The possible difficulties in defining the geographical boundaries of all the metropolitan areas and producing comparable information and data cannot be allowed to justify inaction. Consequently, the EESC suggests that, in line with the recommendations put forward above, a pilot project should be set up in a limited number of metropolitan areas as soon as possible. It also suggests that this pilot programme should be carried out in partnership with DG Regional Policy, Eurostat, the national statistics offices and the metropolitan areas concerned.

7.10

The EESC hopes that the European institutions will agree with the broad thrust of this opinion. The EESC believes that, against the background of the establishment of a forum bringing together metropolitan areas and the Commission, the situation of these areas should also be on the agenda of the Competitiveness Council and the informal Council for Regional Planning and Urban Issues.

Brussels, 1 July 2004.

The President

of the European Economic and Social Committee

Roger BRIESCH


(1)  In its opinion of 14 May 1998 on Towards an urban agenda in the European Union, the Committee of the Regions established the notion of a Functional Urban Region to describe a metropolis and its area of influence. It is accepted that cities have become agglomerations and then metropolitan areas which then extended to form urban regions. This concept also underlines the mutual dependence between the territorial units that make up the urban region: labour market, home-work commute, transport networks, shopping centres, localisation of new activity, real estate, parks and leisure facilities, protection of the environment, etc.

(2)  For example, 500,000 inhabitants (METREX threshold). A list of European agglomerations with over 500,000 inhabitants is appended.

(3)  For example, 10 % of the active population with a job in the central core, resident in the peripheral municipalities (GEMACA threshold).

(4)  The Randstad is made up of the urban agglomerations of Amsterdam, The Hague, Rotterdam and Utrecht. The Rhine-Ruhr region includes the urban agglomerations of Bonn, Cologne, Düsseldorf, Duisburg, Essen and Dortmund. The Vienna-Bratislava region comprises the agglomerations of Vienna and Bratislava.
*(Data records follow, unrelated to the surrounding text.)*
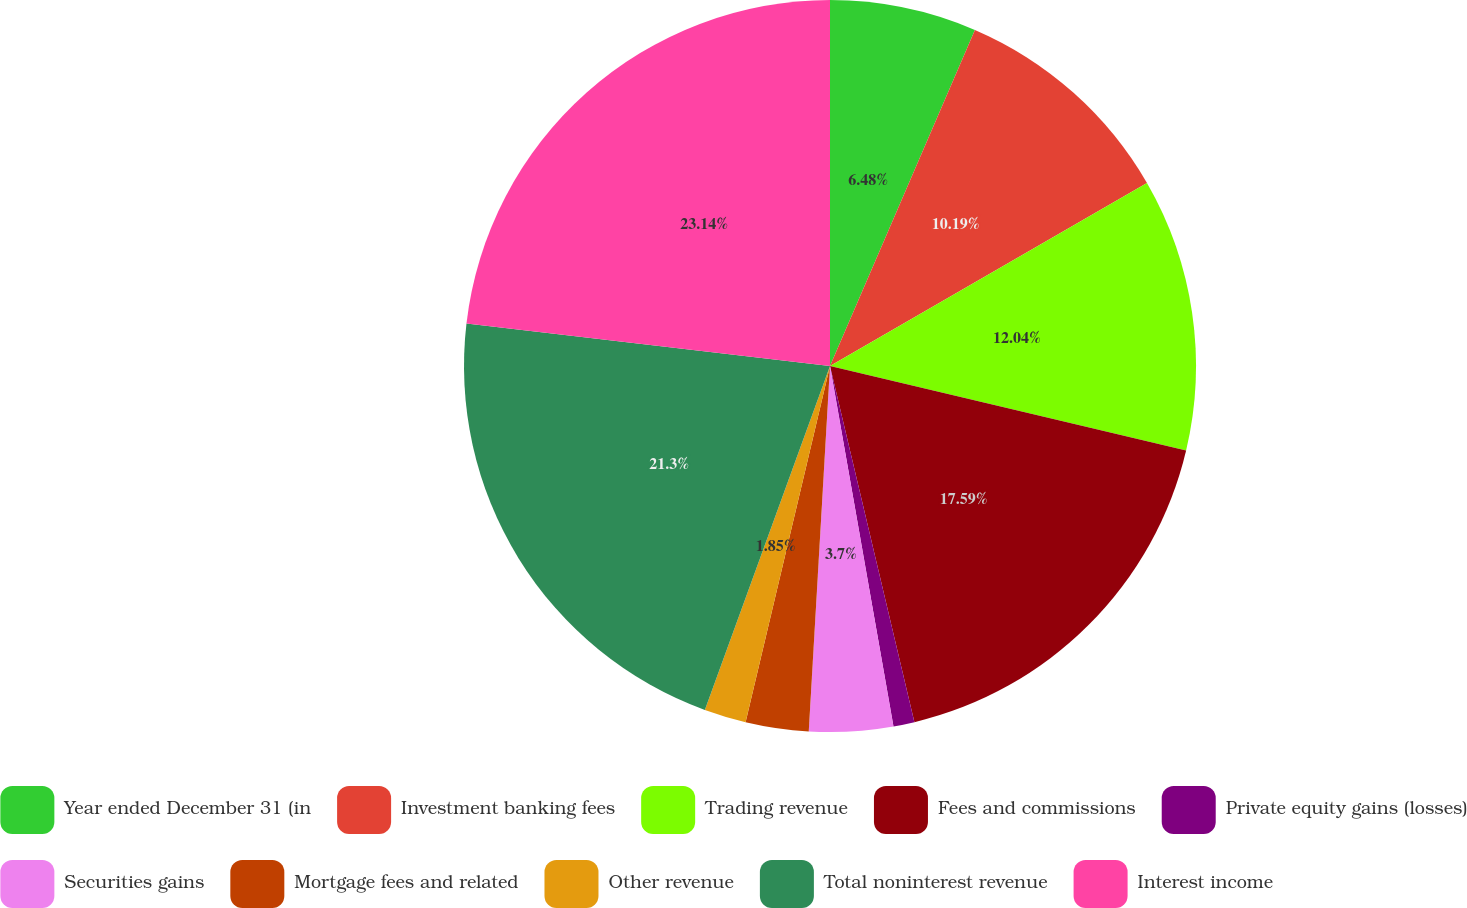<chart> <loc_0><loc_0><loc_500><loc_500><pie_chart><fcel>Year ended December 31 (in<fcel>Investment banking fees<fcel>Trading revenue<fcel>Fees and commissions<fcel>Private equity gains (losses)<fcel>Securities gains<fcel>Mortgage fees and related<fcel>Other revenue<fcel>Total noninterest revenue<fcel>Interest income<nl><fcel>6.48%<fcel>10.19%<fcel>12.04%<fcel>17.59%<fcel>0.93%<fcel>3.7%<fcel>2.78%<fcel>1.85%<fcel>21.3%<fcel>23.15%<nl></chart> 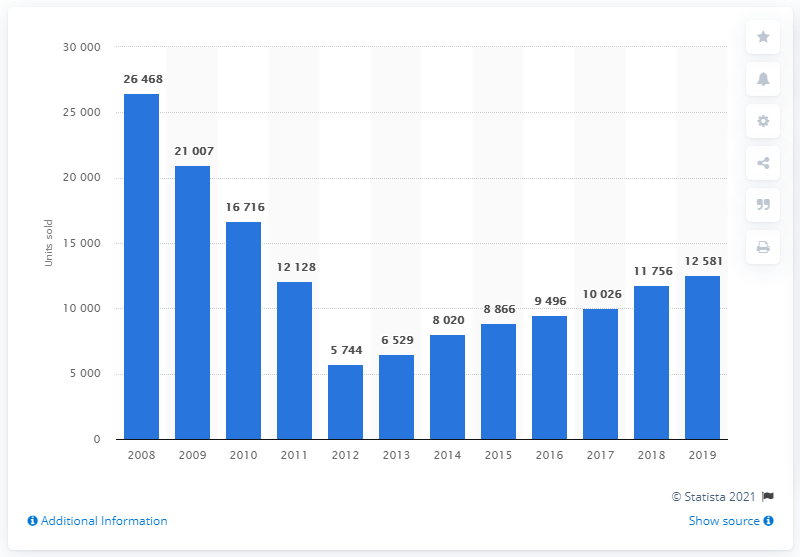Give some essential details in this illustration. The peak of Greek sales of Toyota cars in 2008 was 26,468 units. 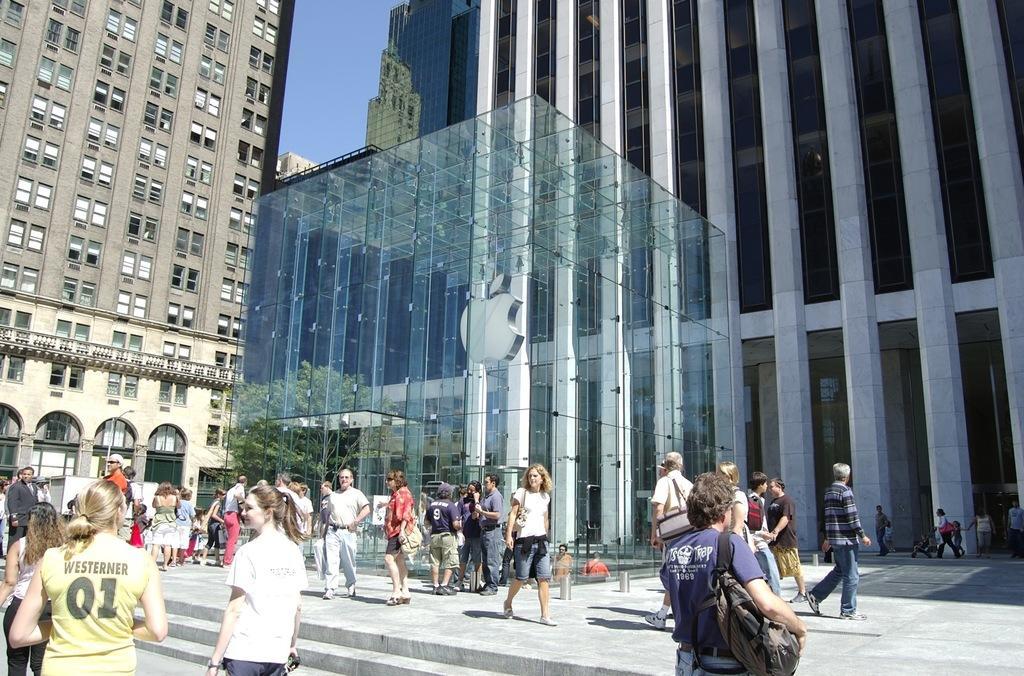In one or two sentences, can you explain what this image depicts? In this image we can see there are many people at the bottom and in the middle we can see a logo of an apple, at the back I can see some buildings.

The Oresund region is made up of the agglomerations of Copenhagen and Malmö, while the Franco-Belgian Lille region has four medium-sized cities and a large number of smaller towns and districts.
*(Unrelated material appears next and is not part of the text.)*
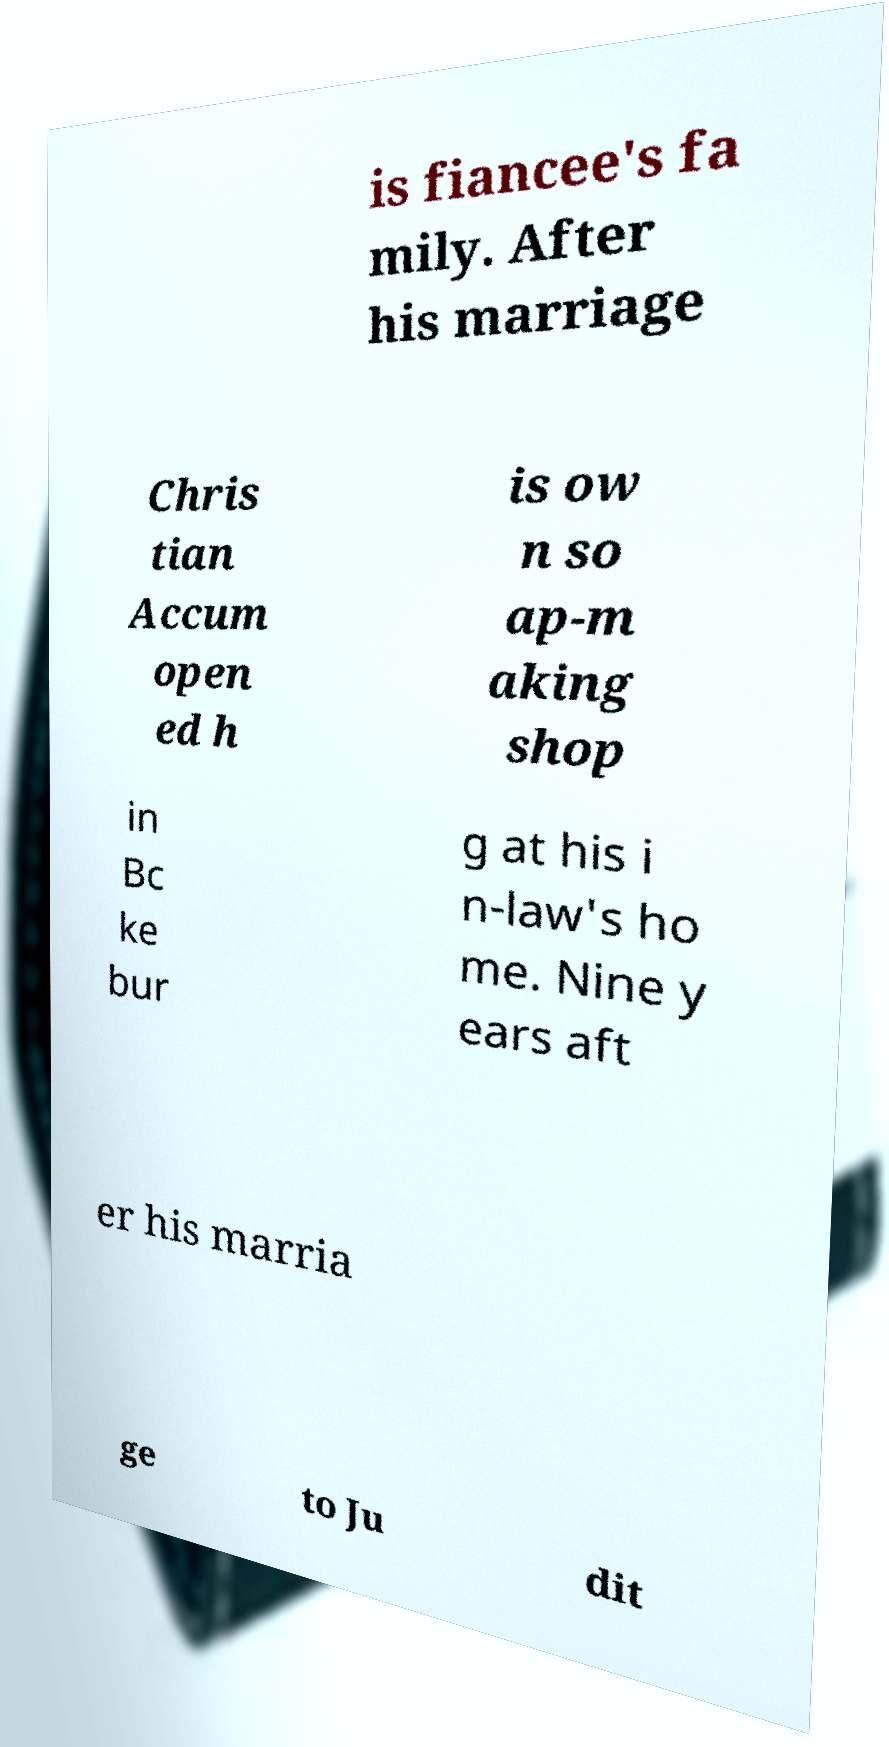Could you assist in decoding the text presented in this image and type it out clearly? is fiancee's fa mily. After his marriage Chris tian Accum open ed h is ow n so ap-m aking shop in Bc ke bur g at his i n-law's ho me. Nine y ears aft er his marria ge to Ju dit

(5)  Examples include London, which has 7,400,000 inhabitants in the administrative region (NUTS 2) and 13,230,000 in the metropolitan area, and Département du Nord (NUTS 3), which has 2,600,000 inhabitants and 970,000 in the French part of the metropolitan area of Lille.

(6)  Cities, regions and competitiveness, Office of the Deputy Prime Minister and other public partners, June 2003.

(7)  Les villes européennes, analyse comparative – Celine Rozenblat, Patricia Cicille (DATAR 2003).

(8)  www.datar.gouv.fr - CIADT of 13 December 2003.

(9)  COM(2003) 336 final – Communication from the Commission on immigration, integration and employment.

(10)  EESC opinion on immigration, integration and employment, OJ C 80 of 30.03.2004, p. 92.

(11)  http://data.bls/gov/servlet/SurveyOutputSerlet

(12)  Study carried out as part of INTERREG II by GEMACA (Group for European Metropolitan Comparative Analysis). Published in Les Cahiers de l'IAURIF No 135; www.iaurif.org/en/doc/studies/cahiers/cahier 135/index.htm

(13)  METREX – The network of European Regions and Areas – main declared objectives for the METROPOLITAN European programme:

1 –

recognise the important role of metropolises in Europe

2 –

support the creation of effective metropolitan governance

3 –

support the definition by all stakeholders of integrated metropolitan strategies

4 –

support metropolitan policies to boost competitiveness and social and territorial cohesion.